Int. J. Mol. Sci. 2012, 13(6), 6582-6603; doi:10.3390/ijms13066582
Article

Identification of Late Embryogenesis Abundant (LEA) Protein Putative Interactors Using Phage Display

Received: 29 February 2012; in revised form: 7 April 2012 / Accepted: 17 May 2012 / Published: 29 May 2012
(This article belongs to the Special Issue Phage Display)
This is an open access article distributed under the Creative Commons Attribution License which permits unrestricted use, distribution, and reproduction in any medium, provided the original work is properly cited.

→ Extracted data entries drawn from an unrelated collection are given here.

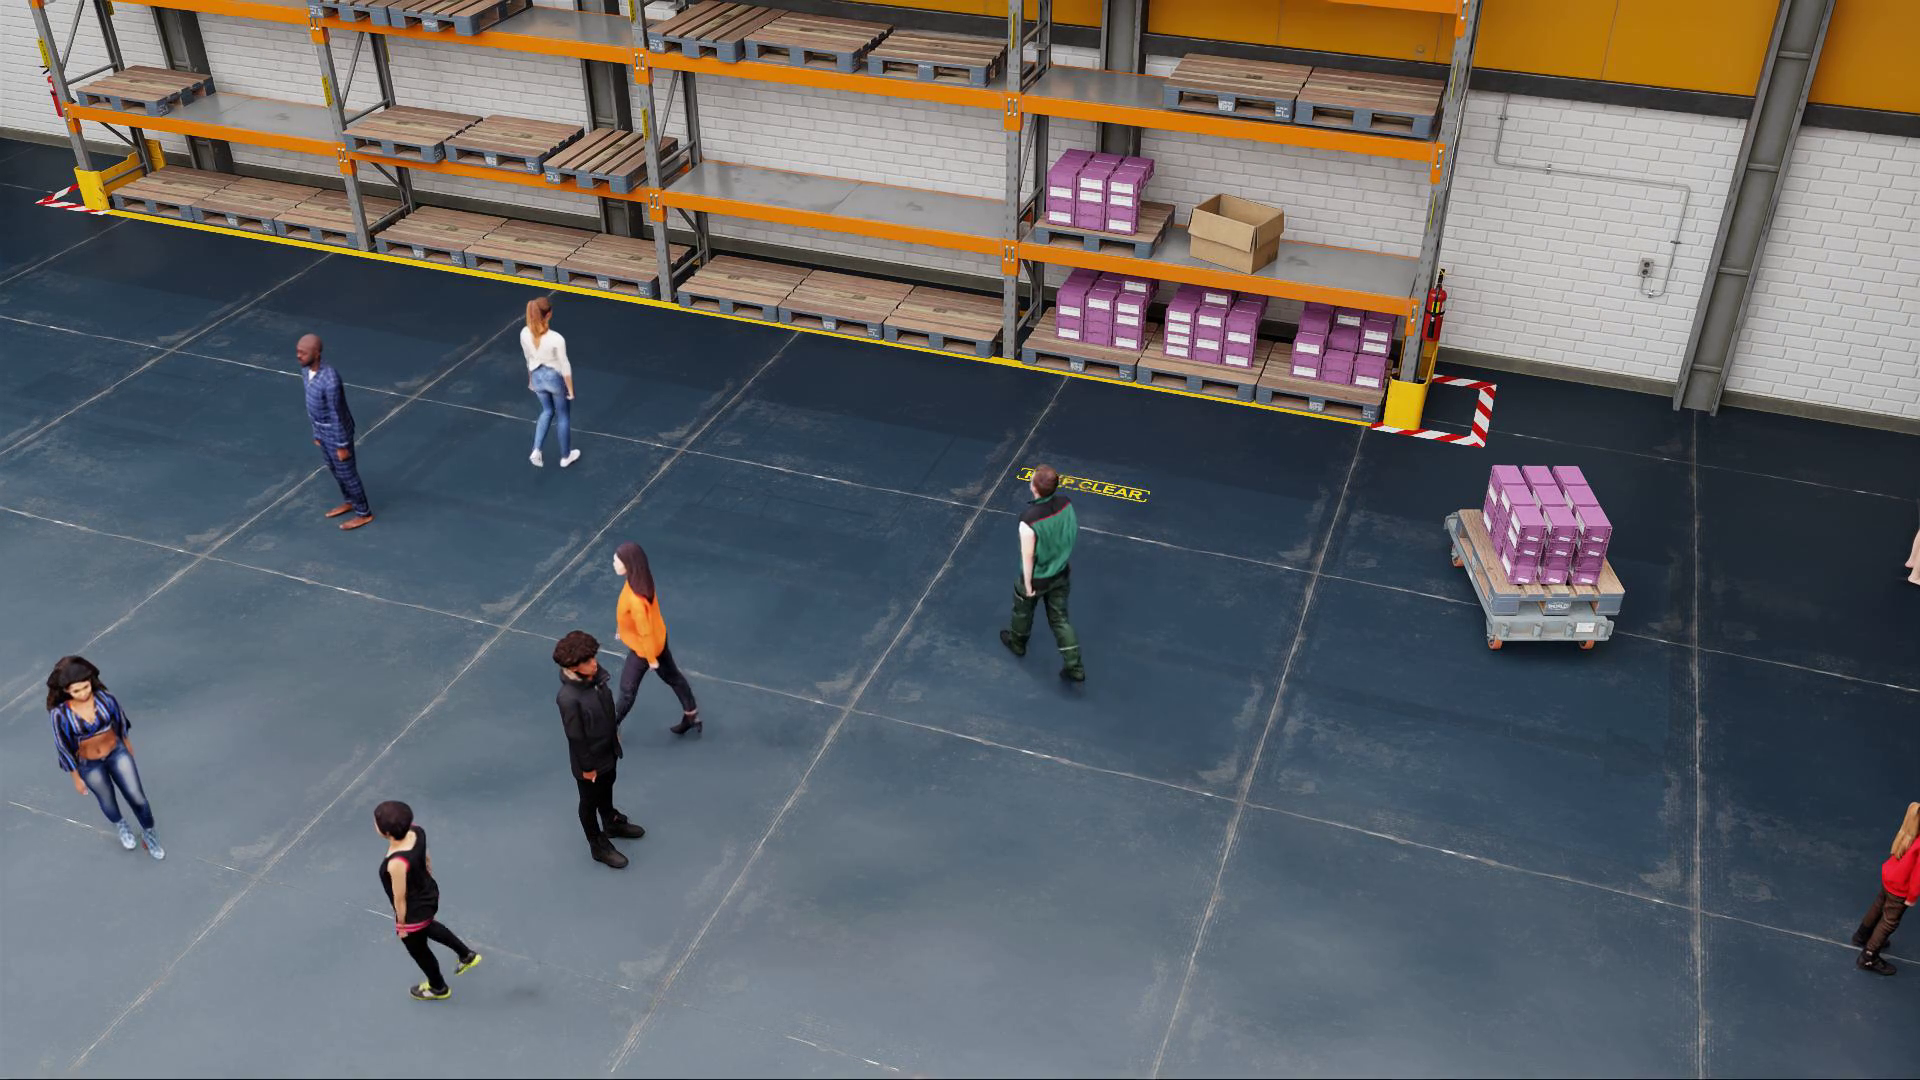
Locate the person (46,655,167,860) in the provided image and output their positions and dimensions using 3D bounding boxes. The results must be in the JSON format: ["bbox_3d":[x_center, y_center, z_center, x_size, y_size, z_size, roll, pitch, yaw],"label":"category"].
[{"bbox_3d":[-5.645,1.401,10.880,0.787,1.605,0.843,-23,40,-30],"label":"person"}]

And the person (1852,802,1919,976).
[{"bbox_3d":[5.745,2.086,10.143,0.485,1.280,0.491,9,35,14],"label":"person"}]

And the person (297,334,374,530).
[{"bbox_3d":[-5.360,-0.949,14.227,0.809,1.815,0.685,-28,42,-35],"label":"person"}]

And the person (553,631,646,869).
[{"bbox_3d":[-2.391,1.334,10.821,0.611,1.781,0.632,9,35,13],"label":"person"}]

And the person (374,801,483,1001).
[{"bbox_3d":[-3.142,2.145,9.818,0.743,1.541,0.644,1,34,2],"label":"person"}]

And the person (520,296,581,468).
[{"bbox_3d":[-3.730,-1.363,14.945,0.720,1.708,0.673,12,35,17],"label":"person"}]

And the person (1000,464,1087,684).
[{"bbox_3d":[0.684,0.273,12.392,1.076,1.810,1.206,-18,38,-25],"label":"person"}]

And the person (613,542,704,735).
[{"bbox_3d":[-2.117,0.745,11.776,1.182,1.706,0.906,-1,34,-1],"label":"person"}]
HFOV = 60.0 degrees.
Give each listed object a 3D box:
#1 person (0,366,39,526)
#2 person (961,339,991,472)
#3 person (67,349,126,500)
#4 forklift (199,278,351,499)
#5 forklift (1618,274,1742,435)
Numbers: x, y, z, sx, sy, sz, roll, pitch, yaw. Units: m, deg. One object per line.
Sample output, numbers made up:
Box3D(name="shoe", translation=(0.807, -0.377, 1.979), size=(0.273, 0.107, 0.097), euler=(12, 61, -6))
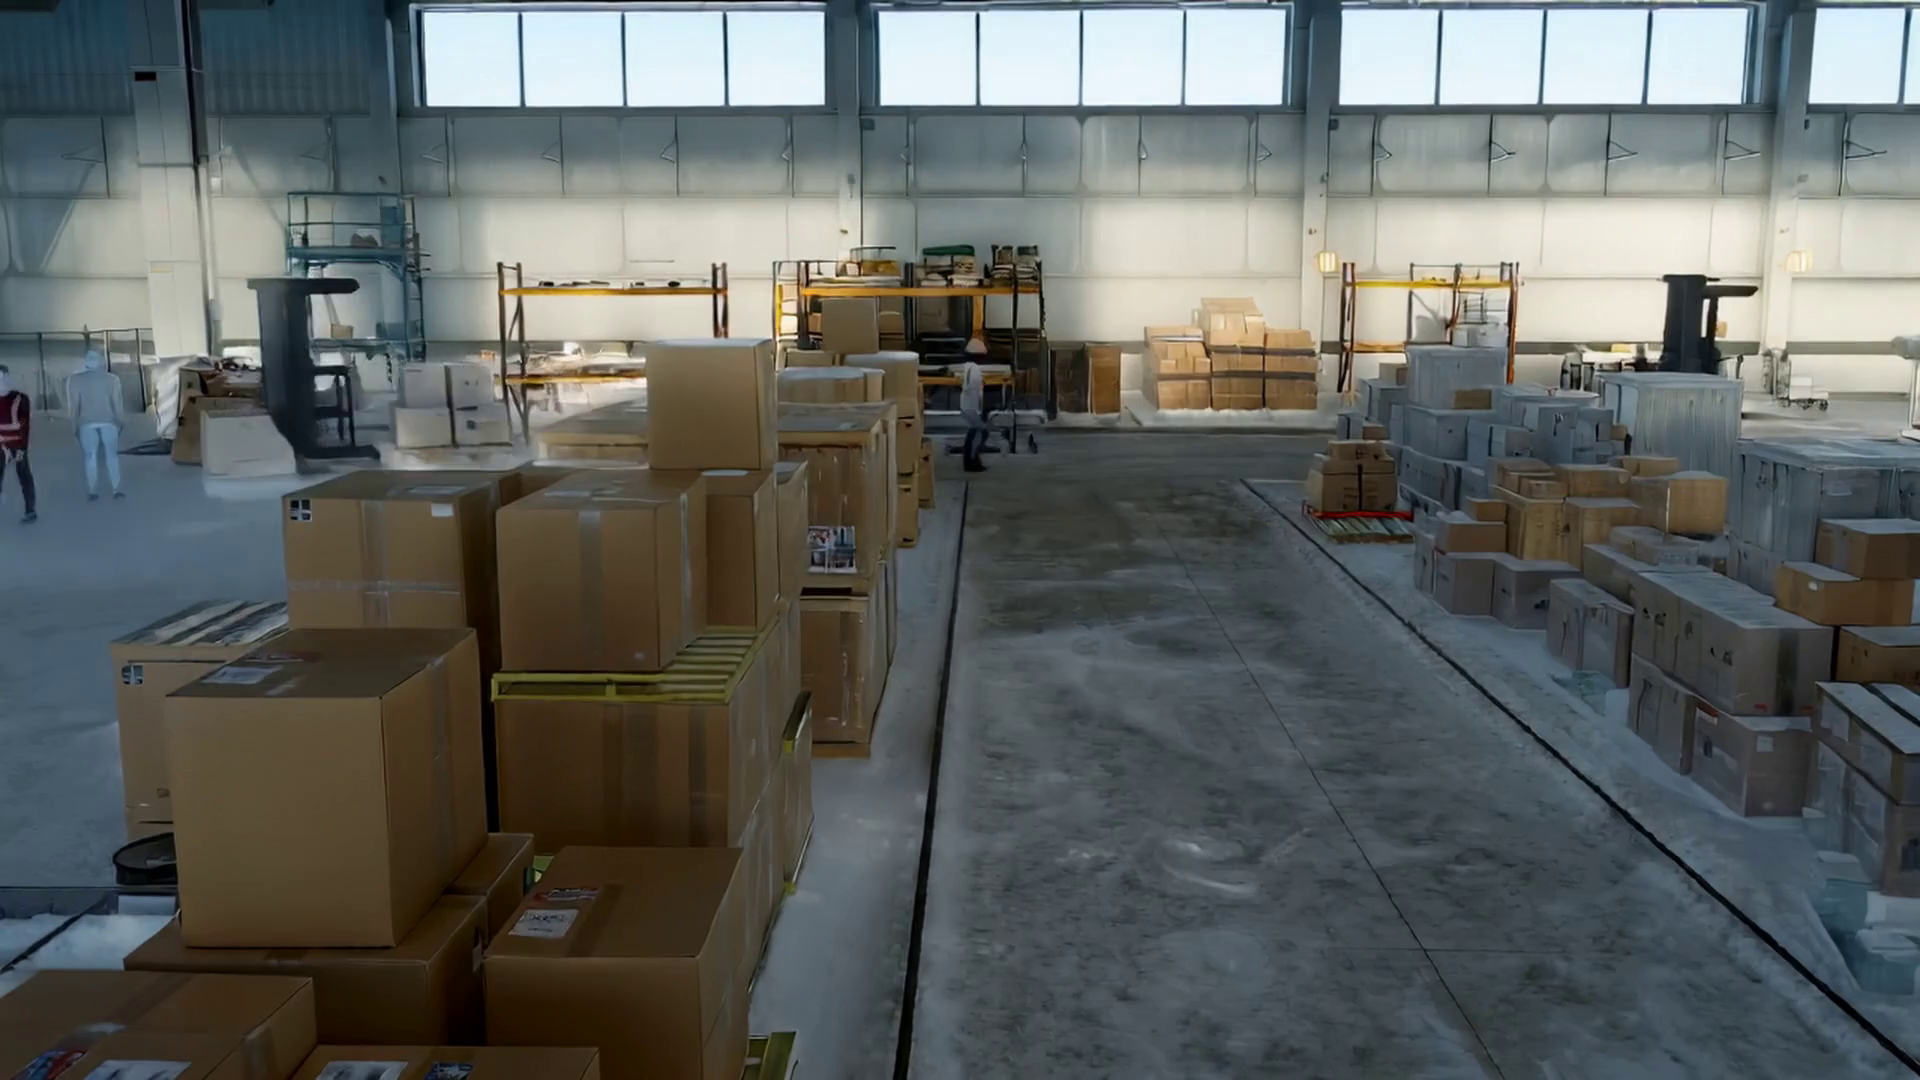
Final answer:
Box3D(name="person", translation=(-10.869, -1.038, 18.919), size=(0.578, 1.851, 0.847), euler=(1, 10, 4))
Box3D(name="person", translation=(0.251, -1.936, 24.081), size=(0.498, 1.923, 0.566), euler=(-3, 10, -17))
Box3D(name="person", translation=(-11.016, -1.470, 21.266), size=(0.637, 1.940, 0.370), euler=(-4, 10, -21))
Box3D(name="forklift", translation=(-8.915, -2.011, 21.684), size=(1.873, 2.768, 1.129), euler=(-5, 11, -27))
Box3D(name="forklift", translation=(12.663, -3.275, 29.255), size=(1.873, 2.768, 1.129), euler=(0, 9, 1))

Abstract: Arabidopsis thaliana seeds without functional SEED MATURATION PROTEIN1 (SMP1), a boiling soluble protein predicted to be of intrinsic disorder, presumed to be a LATE EMBRYOGENESIS ABUNDANT (LEA) family protein based on sequence homology, do not enter secondary dormancy after 3 days at 40 °C. We hypothesized that SMP1 may protect a heat labile protein involved in the promotion of secondary dormancy. Recombinant SMP1 and GmPM28, its soybean (Glycine max), LEA4 homologue, protected the labile GLUCOSE-6-PHOSPHATE DEHYROGENASE enzyme from heat stress, as did a known protectant, Bovine Serum Albumin, whether the LEA protein was in solution or attached to the bottom of microtiter plates. Maintenance of a biological function for both recombinant LEA proteins when immobilized encouraged a biopanning approach to screen for potential protein interactors. Phage display with two Arabidopsis seed, T7 phage, cDNA libraries, normalized for transcripts present in the mature, dehydrated, 12-, 24-, or 36-h imbibed seeds, were used in biopans against recombinant SMP1 and GmPM28. Phage titer increased considerably over four rounds of biopanning for both LEA proteins, but not for BSA, at both 25 and at 41 °C, regardless of the library used. The prevalence of multiple, independent clones encoding portions of specific proteins repeatedly retrieved from different libraries, temperatures and baits, provides evidence suggesting these LEA proteins are discriminating which proteins they protect, a novel finding. The identification of putative LEA-interacting proteins provides targets for reverse genetic approaches to further dissect the induction of secondary dormancy in seeds in response to heat stress.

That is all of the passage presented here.